Content starts
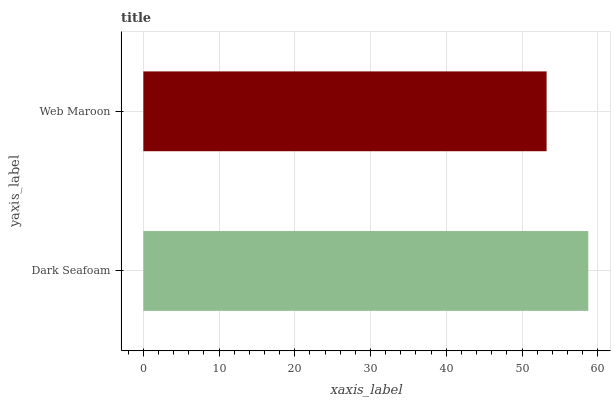Is Web Maroon the minimum?
Answer yes or no. Yes. Is Dark Seafoam the maximum?
Answer yes or no. Yes. Is Web Maroon the maximum?
Answer yes or no. No. Is Dark Seafoam greater than Web Maroon?
Answer yes or no. Yes. Is Web Maroon less than Dark Seafoam?
Answer yes or no. Yes. Is Web Maroon greater than Dark Seafoam?
Answer yes or no. No. Is Dark Seafoam less than Web Maroon?
Answer yes or no. No. Is Dark Seafoam the high median?
Answer yes or no. Yes. Is Web Maroon the low median?
Answer yes or no. Yes. Is Web Maroon the high median?
Answer yes or no. No. Is Dark Seafoam the low median?
Answer yes or no. No.
Content ends
All lines from the one containing "Answer yes or no. No. Is Dark Seafoam the low" to the end of the records, both ends included, should be printed exactly and on their own.

Output for this exercise —
Answer yes or no. No. Is Dark Seafoam the low median?
Answer yes or no. No.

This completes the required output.